Inverse Finance, a stablecoin protocol that focuses on capital efficient yield generation, was drained in an exploit early Saturday. PeckShield, one of the crypto industry’s top security analytics companies, alerted the Inverse team to the hack on Twitter minutes after the exploit occurred.
PeckShield explained in a series of tweets that the hacker deposited 901 Ethereum to the protocol and used an oracle manipulation bug to manipulate the price of Inverse’s INV token. They then used INV as collateral to borrow assets and drain the protocol. Etherscan data shows that the hacker drained millions of dollars in YFI, WBTC, and Inverse’s own DOLA token from the protocol and then used decentralized exchanges such as Uniswap to trade the assets for Ethereum. This Ethereum wallet connected to the hacker has already siphoned 4,200 Ethereum worth around $14.6 million through the transaction mixer Tornado Cash in a bid to cover their traces.
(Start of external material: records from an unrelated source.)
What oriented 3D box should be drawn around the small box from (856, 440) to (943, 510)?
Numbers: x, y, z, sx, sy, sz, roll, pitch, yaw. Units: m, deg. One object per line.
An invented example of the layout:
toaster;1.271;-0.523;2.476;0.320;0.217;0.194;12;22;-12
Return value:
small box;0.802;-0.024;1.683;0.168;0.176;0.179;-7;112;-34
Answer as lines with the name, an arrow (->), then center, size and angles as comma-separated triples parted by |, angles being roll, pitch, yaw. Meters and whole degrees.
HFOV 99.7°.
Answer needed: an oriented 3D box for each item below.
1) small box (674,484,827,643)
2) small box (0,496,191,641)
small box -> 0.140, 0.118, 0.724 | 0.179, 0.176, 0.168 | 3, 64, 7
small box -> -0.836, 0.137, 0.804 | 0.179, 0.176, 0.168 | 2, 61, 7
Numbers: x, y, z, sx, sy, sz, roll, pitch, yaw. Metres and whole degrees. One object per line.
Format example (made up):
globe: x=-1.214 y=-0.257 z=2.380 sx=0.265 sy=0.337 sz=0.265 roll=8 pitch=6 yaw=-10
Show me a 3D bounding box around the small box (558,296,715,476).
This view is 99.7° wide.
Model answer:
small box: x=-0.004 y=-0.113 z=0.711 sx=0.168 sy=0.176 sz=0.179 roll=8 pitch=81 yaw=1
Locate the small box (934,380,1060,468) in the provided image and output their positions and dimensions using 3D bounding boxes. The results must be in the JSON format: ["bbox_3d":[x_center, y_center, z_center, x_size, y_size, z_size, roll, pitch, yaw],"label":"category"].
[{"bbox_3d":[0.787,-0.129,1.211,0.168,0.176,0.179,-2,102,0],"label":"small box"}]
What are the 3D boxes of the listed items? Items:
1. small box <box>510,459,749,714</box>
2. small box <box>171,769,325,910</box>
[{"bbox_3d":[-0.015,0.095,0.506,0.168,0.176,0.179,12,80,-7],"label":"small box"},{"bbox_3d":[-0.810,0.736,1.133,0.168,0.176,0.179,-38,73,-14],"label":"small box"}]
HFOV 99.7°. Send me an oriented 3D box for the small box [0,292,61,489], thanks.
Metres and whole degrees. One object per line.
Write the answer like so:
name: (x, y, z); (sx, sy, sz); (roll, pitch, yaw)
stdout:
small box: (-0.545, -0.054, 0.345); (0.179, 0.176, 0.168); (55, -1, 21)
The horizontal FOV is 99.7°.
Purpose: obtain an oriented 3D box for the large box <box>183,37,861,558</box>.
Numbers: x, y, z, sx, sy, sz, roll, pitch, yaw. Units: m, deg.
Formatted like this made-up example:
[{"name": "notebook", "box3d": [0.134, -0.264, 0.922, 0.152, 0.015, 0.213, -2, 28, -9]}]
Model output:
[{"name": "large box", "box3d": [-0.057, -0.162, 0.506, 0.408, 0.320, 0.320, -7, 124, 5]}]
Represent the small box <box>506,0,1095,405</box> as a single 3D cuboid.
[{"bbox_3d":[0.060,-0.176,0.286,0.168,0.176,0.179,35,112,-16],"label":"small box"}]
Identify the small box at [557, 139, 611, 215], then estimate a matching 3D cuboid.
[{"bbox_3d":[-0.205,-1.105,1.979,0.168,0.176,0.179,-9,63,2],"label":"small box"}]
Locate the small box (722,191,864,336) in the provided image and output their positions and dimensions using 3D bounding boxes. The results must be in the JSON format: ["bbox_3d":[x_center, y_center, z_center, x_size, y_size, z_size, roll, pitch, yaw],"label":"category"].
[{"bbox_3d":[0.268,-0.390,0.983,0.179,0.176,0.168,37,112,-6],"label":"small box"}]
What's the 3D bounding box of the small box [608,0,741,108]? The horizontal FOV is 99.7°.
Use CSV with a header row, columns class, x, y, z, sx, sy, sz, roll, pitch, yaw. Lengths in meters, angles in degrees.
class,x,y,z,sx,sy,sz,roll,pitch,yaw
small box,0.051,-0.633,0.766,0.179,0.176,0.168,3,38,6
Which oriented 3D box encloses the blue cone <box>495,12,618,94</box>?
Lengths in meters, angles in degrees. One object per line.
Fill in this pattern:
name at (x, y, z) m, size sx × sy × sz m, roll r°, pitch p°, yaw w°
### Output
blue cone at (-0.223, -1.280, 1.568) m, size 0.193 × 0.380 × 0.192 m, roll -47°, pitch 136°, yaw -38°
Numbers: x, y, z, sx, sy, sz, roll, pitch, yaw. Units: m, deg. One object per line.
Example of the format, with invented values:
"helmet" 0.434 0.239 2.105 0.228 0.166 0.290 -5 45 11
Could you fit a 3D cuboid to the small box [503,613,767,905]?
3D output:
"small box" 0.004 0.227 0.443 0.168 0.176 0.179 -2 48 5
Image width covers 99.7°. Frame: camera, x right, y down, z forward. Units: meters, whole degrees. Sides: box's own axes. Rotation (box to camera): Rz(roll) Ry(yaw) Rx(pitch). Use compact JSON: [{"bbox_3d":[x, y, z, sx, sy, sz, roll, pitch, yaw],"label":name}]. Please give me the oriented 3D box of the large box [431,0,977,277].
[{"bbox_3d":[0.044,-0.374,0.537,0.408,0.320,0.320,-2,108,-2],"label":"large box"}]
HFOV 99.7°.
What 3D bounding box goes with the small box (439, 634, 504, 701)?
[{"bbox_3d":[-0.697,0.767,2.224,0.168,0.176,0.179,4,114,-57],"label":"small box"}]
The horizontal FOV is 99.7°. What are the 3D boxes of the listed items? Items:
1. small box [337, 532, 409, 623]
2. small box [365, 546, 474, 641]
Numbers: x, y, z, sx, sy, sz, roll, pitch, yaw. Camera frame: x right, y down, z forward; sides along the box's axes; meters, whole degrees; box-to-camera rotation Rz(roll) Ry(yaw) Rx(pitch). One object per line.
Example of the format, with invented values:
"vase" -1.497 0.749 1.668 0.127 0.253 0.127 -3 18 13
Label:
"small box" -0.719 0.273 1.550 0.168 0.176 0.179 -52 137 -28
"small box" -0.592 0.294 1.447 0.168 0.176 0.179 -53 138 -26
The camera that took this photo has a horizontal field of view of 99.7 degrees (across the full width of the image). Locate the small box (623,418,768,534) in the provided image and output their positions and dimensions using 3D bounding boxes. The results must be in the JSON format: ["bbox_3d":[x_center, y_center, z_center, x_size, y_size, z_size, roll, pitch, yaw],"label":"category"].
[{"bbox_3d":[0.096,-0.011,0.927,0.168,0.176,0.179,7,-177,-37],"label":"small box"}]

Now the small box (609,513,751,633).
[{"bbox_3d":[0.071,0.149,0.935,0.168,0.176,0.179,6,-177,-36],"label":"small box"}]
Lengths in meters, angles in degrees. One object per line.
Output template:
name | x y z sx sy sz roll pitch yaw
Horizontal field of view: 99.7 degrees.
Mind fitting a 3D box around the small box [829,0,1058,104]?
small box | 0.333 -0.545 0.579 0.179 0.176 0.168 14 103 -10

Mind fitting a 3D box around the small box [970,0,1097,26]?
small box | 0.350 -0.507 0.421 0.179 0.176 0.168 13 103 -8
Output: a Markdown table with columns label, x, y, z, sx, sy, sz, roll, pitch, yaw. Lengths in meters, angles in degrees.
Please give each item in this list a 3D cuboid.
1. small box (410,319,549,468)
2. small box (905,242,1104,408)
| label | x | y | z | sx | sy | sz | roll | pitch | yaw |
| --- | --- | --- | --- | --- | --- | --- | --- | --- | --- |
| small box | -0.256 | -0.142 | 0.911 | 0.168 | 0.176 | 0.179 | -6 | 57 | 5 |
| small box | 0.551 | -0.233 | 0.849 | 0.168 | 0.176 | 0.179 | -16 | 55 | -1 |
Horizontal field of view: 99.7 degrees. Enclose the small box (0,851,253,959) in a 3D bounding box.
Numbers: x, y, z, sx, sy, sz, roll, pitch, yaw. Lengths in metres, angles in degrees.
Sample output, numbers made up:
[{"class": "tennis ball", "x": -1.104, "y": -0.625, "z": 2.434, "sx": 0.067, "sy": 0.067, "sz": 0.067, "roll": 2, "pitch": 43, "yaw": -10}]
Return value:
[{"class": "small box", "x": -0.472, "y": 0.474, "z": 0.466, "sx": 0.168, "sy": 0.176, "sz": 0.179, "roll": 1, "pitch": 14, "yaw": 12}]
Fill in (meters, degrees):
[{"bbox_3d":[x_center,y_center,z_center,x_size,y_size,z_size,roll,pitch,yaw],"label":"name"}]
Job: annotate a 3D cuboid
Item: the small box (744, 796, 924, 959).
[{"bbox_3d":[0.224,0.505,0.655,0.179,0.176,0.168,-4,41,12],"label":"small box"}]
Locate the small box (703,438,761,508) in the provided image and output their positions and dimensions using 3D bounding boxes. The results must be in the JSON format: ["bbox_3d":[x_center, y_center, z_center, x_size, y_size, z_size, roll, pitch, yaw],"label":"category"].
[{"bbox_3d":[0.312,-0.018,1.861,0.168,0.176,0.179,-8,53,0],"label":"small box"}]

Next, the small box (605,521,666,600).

The wallet contains just over $250,000 at press time.
The Inverse team acknowledged the hack in a tweet, but has not yet shared a full statement. “We are currently addressing the situation please wait for an official announcement,” the post read.
Interestingly, defying a trend that happens with most other DeFi hacks, INV is currently holding up in the market. It’s up 5.9% at press time, trading at $402.
This story is developing and will be updated as more details emerge.
Disclosure: At the time of writing, the author of this piece owned ETH, INV, and several other cryptocurrencies. They also had exposure to UNI and YFI in a cryptocurrency index.